Menno, thanks for responding.

On the SQL example, you make a fair point. I should have added a comment that the string would be assembled after sanitisation of the input and not before. Good to clarify that.

“Networks are fast, right?” Clearly self-deprecating sarcasm doesn’t translate. Since it wasn’t obvious that I was being sarcastic, thanks again for making the correction - just in case someone with less experience reads this and assumes I was being serious.

For your final conclusion, however, I think that you might have missed the point of the question. I’d like to learn how to write python code that interacts with a remote database. I believe that your statement that client-side code is “inherently unsafe” might be a little bit of an exaggeration, because there are of course ways to harden client-side platforms in just the same way that we can use good database design, (stored procedures if we really must), WAFs and traditional packet-filtering firewalls to protect servers. I would absolutely agree that “running interpreted code on a client without adequate safeguards” is likely to be less safe than running the same logic on a server, but that is orthogonal here.
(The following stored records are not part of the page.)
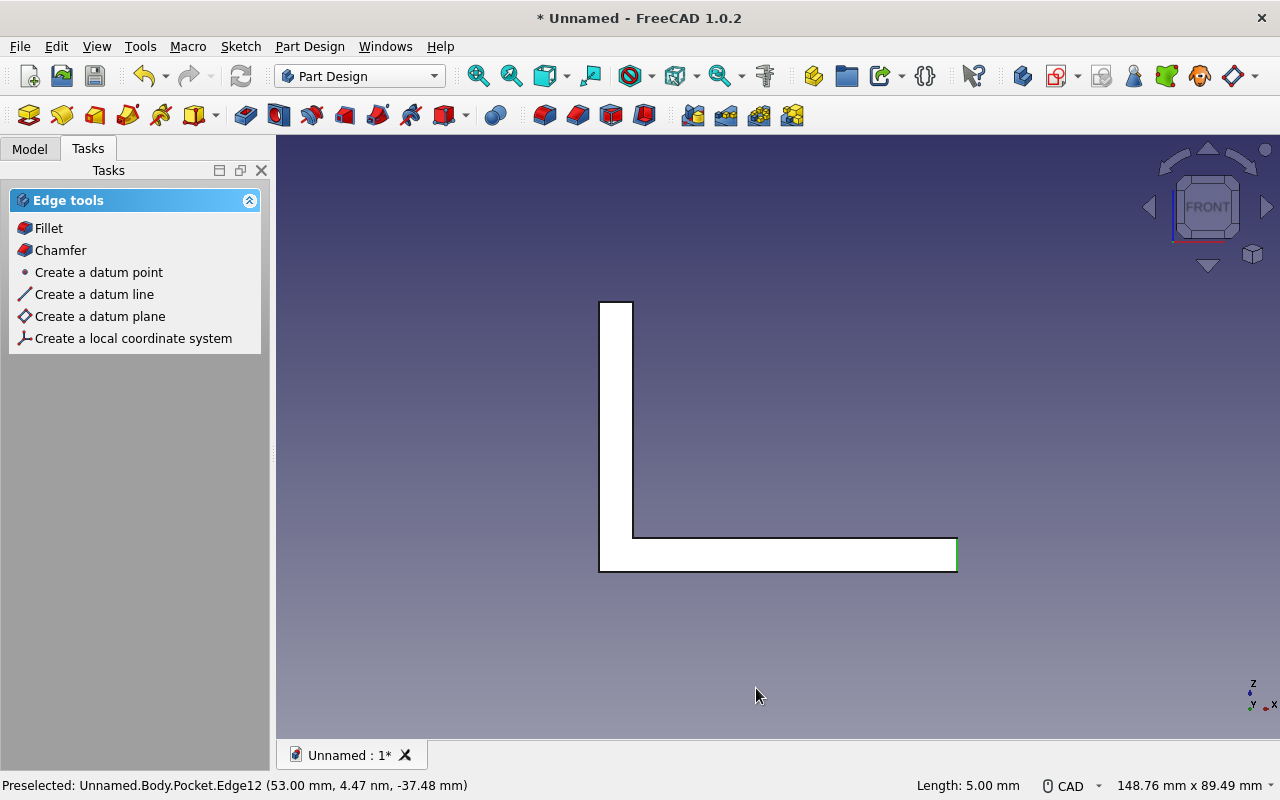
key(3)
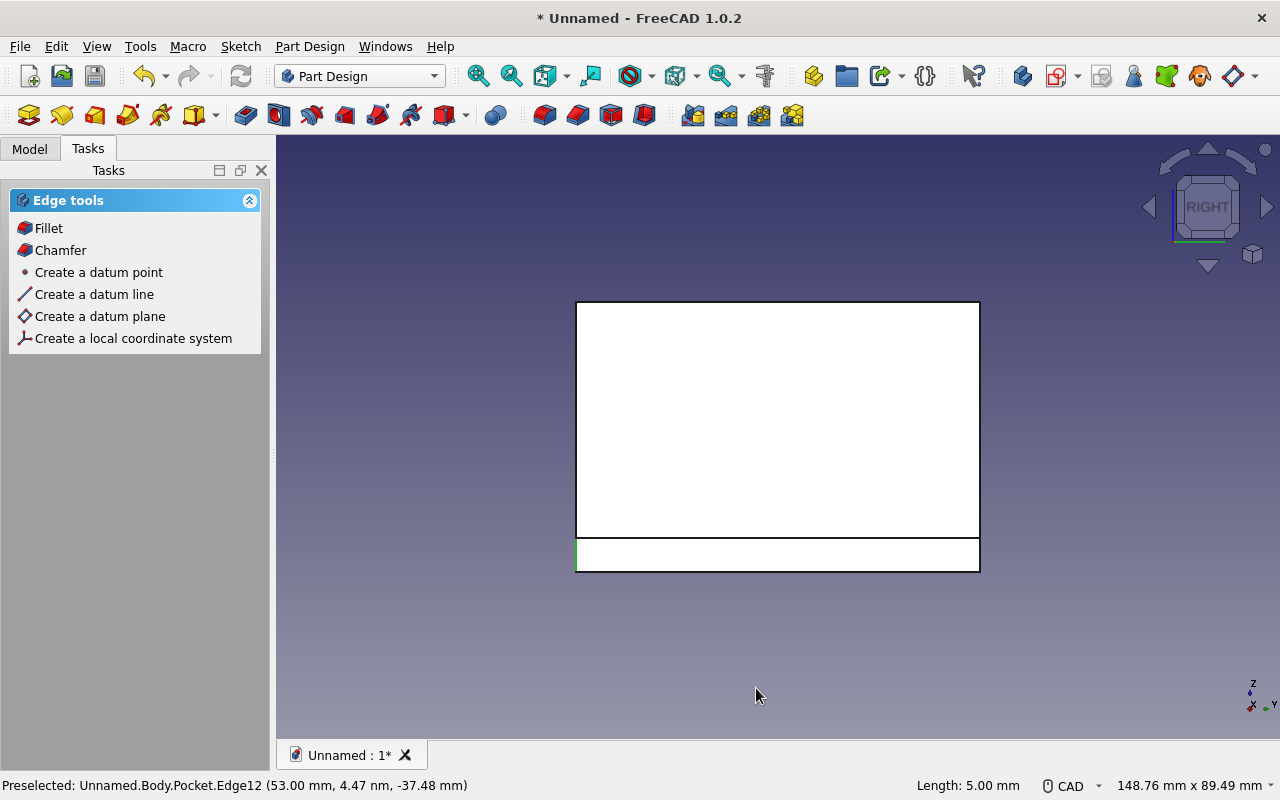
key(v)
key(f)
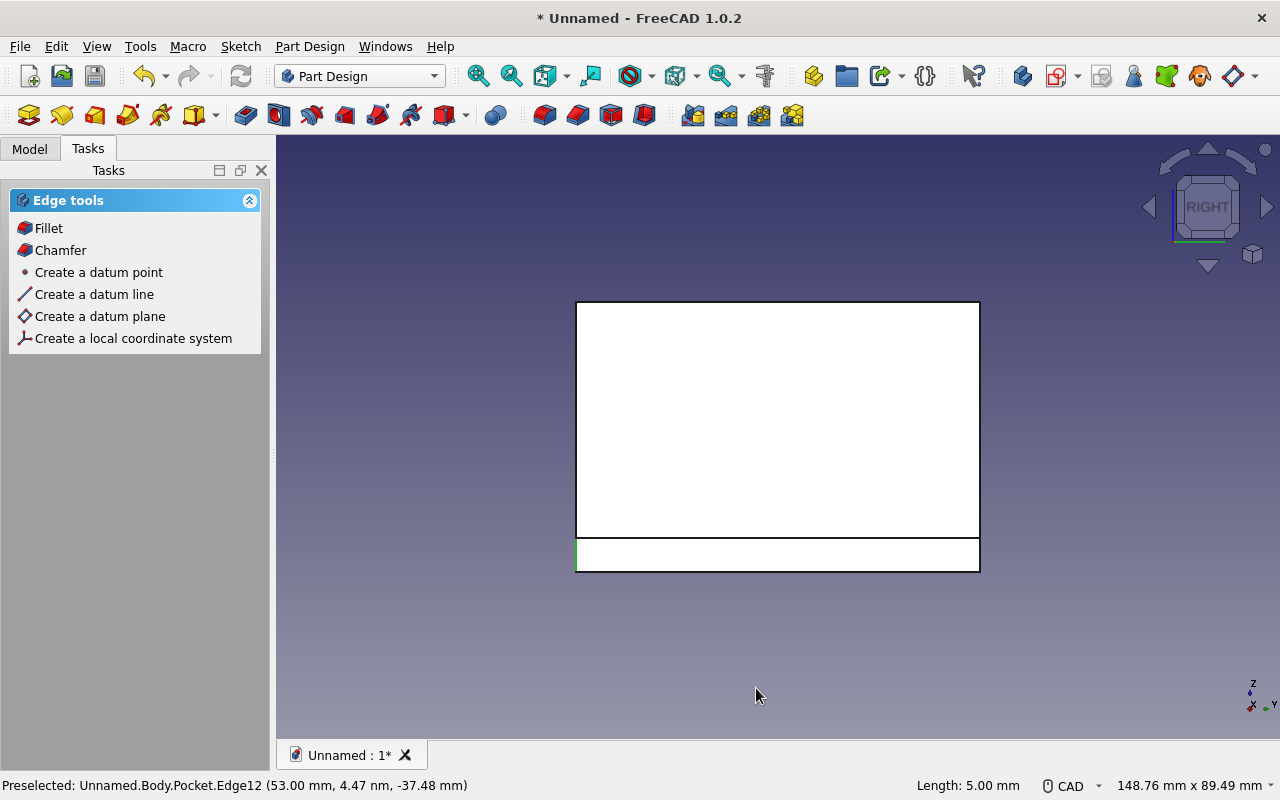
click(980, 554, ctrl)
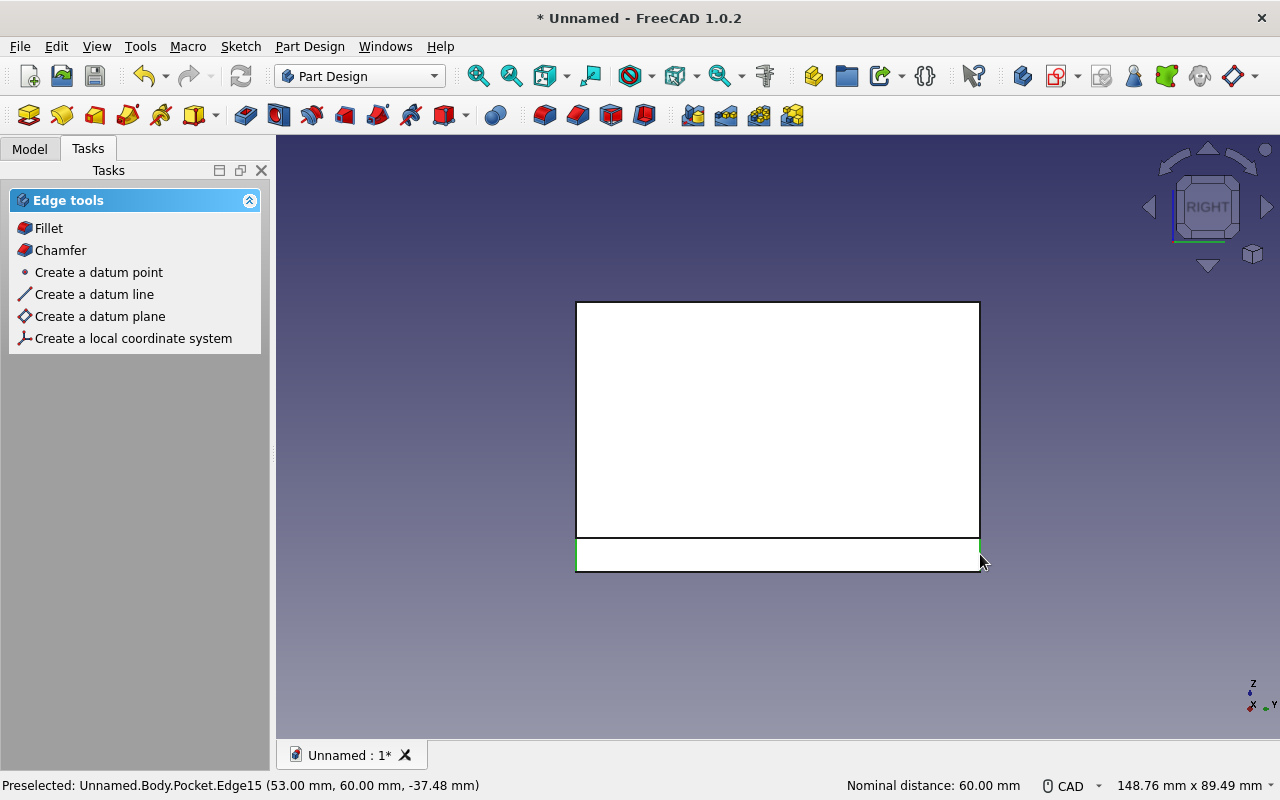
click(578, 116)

More important is that, as I am specifically trying to acquire good practices related to the subjects of “socket programming with Python” and “accessing a database using sockets”, an answer of “The browser is a fine client, no need to have anything else” might be a factually valid statement, but it is not an answer to the question I have asked.

By all means point out risks in my approach or gaps in my logic - as you have done elsewhere - but please don’t be so condescending and dismissive to assume that I could not possibly have other, valid reasons for wanting to use this approach.

Thank you.

Mholscher · December 22, 2021, 3:15pm

I am sorry if you perceived my comment as condescending and dismissive, because that was definitely not my intention.

The first bit is actually a good illustration of why I wrote:

The second bit is not exactly what I meant, but on re-reading it I can see why you thought so. The point is, your server software does not know which software is running on the client if that is not under your control. It may be your software, a bastardized version of it, or something completely different. You (rightfully) paid a lot of attention to the security of the connection, I assumed therefore you were (also) seeking advice on this part of the design.

Now if this is only to gain experience in socket programming of course my remarks are very much moot.